- For decades%2C doctors told patients their pain was the result of emotional hysteria
- More than half of fibromyalgia cases are really a little-known small-fiber neuropathy
- Most fibromyalgia patients have been treated with anti-depressants
Fibromyalgia affects 1% to 5% of Americans, mainly women, but until recently, scientists had no idea what might be causing its severe and mysterious pains. For decades, doctors told patients their agony was imaginary, the result of emotional hysteria, not a physical ailment.
But this year, researchers finally began to get a handle on the condition.
“What’s happened is in 2013 there’s been this absolute explosion of papers,” says neurologist Anne Louise Oaklander at Massachusetts General Hospital in Boston. “The whole view on this has shifted.”
Oaklander published two studies this year showing that half or more of the cases of fibromyalgia are really a little-known condition affecting the nerves. People with this small-fiber neuropathy get faulty signals from tiny nerves all over the body, including internal organs, causing an odd constellation of symptoms from pain to sleep and digestive problems that overlap with symptoms of fibromyalgia.
Neuroscientist Frank Rice and a team based at Albany Medical College also discovered that there are excessive nerve fibers lining the blood vessels of the skin of fibromyalgia patients — removing any doubt that the condition is physically real.
These fibers in the skin can sense blood flow and control the dilation and constriction of vessels to regulate body temperature, Rice says, as well as direct nutrients to muscles during exercise. Women have more of these fibers than men, he says, perhaps explaining why they are much more likely to get fibromyalgia.
“Blood vessel nerve fibers are an important target that haven’t been in our line of thinking to date in chronic pain conditions,” says Rice, now president and chief scientist at Integrated Tissue Dynamics LLC, a biotechnology research company in Rensselaer, N.Y.
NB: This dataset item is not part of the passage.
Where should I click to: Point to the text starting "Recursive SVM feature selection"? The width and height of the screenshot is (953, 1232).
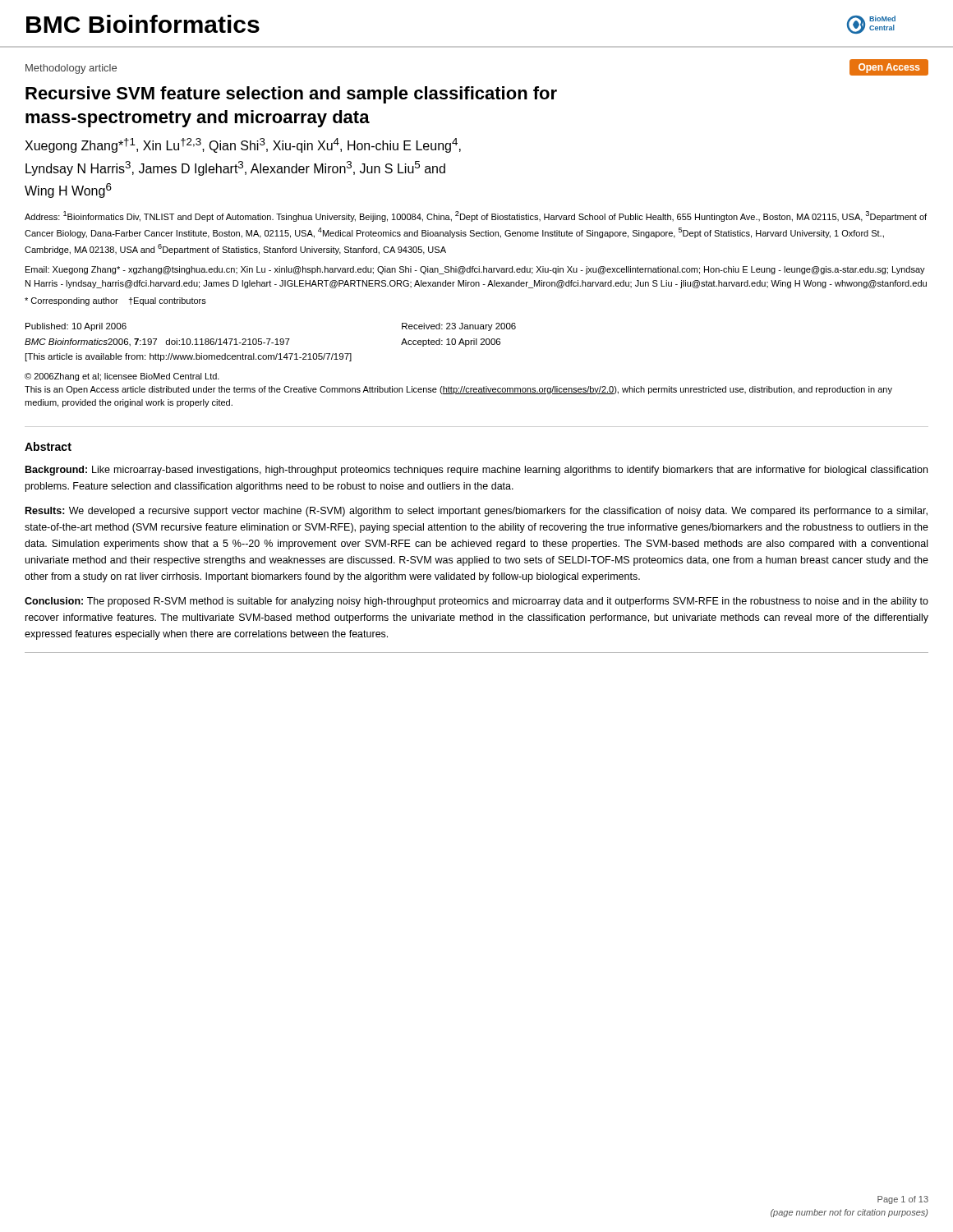[x=291, y=105]
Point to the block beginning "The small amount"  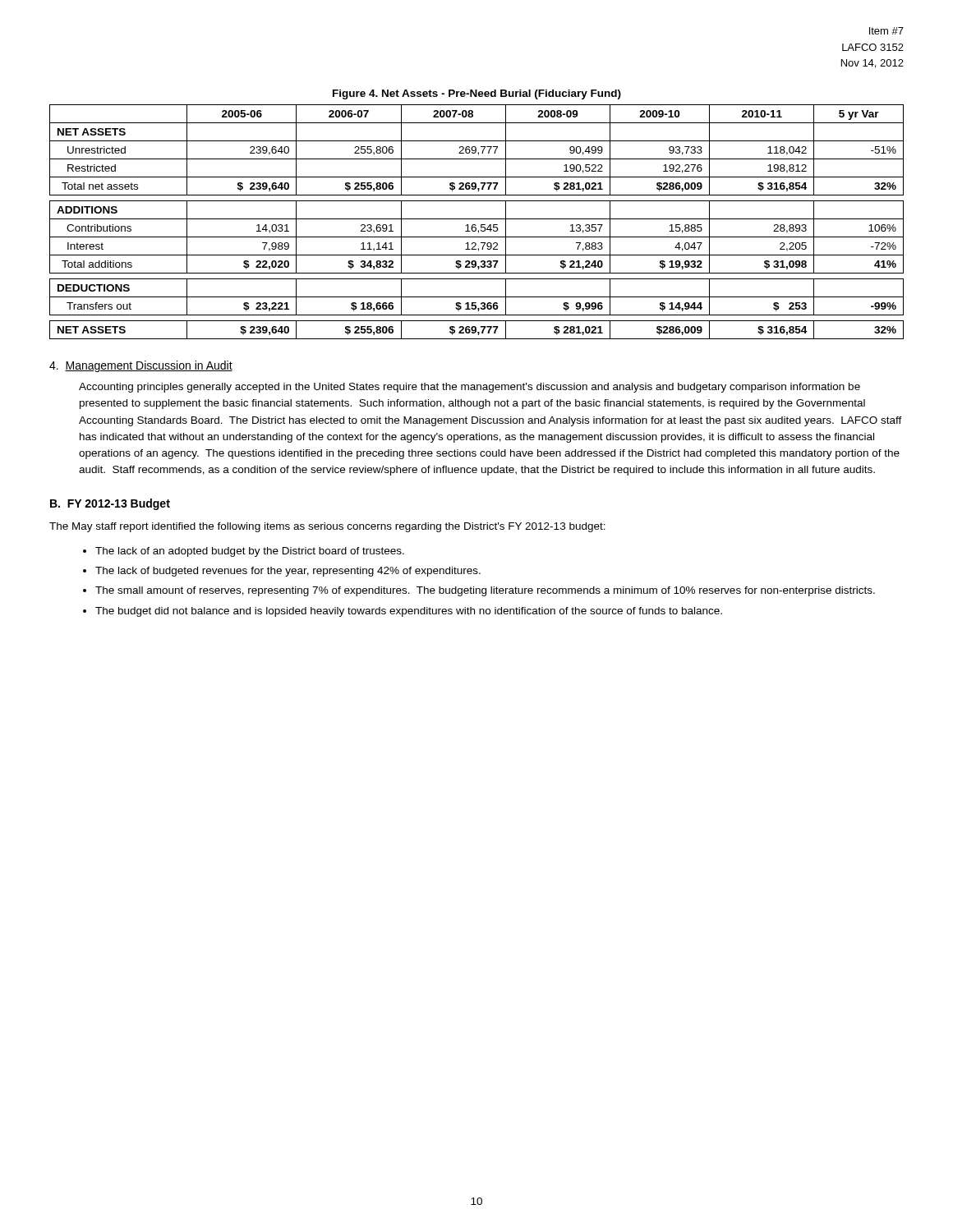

In recent years, scans of patients with fibromyalgia have revealed brain changes associated with pain, but the new research suggests these are a symptom rather than the cause of the condition.
This new understanding of fibromyalgia will hopefully lead to better treatments, Rice and Oaklander say.
Right now, most people are treated with the antidepressants Cymbalta made by Eli Lilly, or Savella by Forest Pharmaceuticals, or with Lyrica, a seizure medication from Pfizer — which have all been federally approved for use in fibromyalgia.
But these drugs have side effects and don’t help everyone.
“We’re looking now to understand more about other features of the pathology that might lead to a more targeted approach and less of a shotgun that causes side effects,” says Rice, also an adjunct professor at the University at Albany, State University of New York.
The trigger for fibromyalgia is still a mystery, although stressful events in patients’ past have been thought to play a role.
Rheumatologist Richard Chou says there is some preliminary evidence that the nerve damage is caused by the immune system.
“We’re hoping some day we’ll be able to say exactly how your immune system is causing damage to the sensory nerves that results in fibromyalgia pain,” says Chou, an assistant professor at the Geisel School of Medicine at Dartmouth in New Hampshire. Researchers don’t yet know whether the pain causes the other problems of fibromyalgia — disrupting sleep, for instance — or whether both pain and sleep disturbances share the same cause.
Fibromyalgia’s constellation of symptoms is very similar to those of chronic fatigue syndrome and Gulf War syndrome, which Oaklander’s group also studies. “If someone has more of one symptom than another they might call it one thing, like chronic fatigue, but it’s not clear that these are different,” Oaklander says.
She says researchers still have a lot to learn about these conditions, but scientists are taking them more seriously and making real progress for the first time.
Carolyn DiSilva of Maynard, Mass., one of Oaklander’s patients, says she was stunned to learn that she had small-fiber neuropathy caused by an overactive immune system, instead of fibromyalgia.
“I think a lot of people, they get a blanket diagnosis as fibromyalgia because doctors don’t know what’s wrong with them,” says DiSilva, 47, who has suffered from unexplained pains for about 14 years. The non-stop agony and the pins and needles that plagued her for hours at a time forced her to give up her work as a hair stylist, she says.
Understanding what’s causing her pain has helped her, she says, because doctors and others take her problems seriously, instead of dismissing her as they used to do.
And now that it’s clear DiSilva has an immune problem, Oaklander has put her on intravenous immunoglobulin treatments — instead of conventional fibromyalgia therapy — which seem to be making a profound difference in her health.
DiSilva says her pain has dropped from a 10 on a 10-point scale to about a 4.
“I always hope that someday I’ll wake up with no pain, but I’m so grateful that I’ve come this far.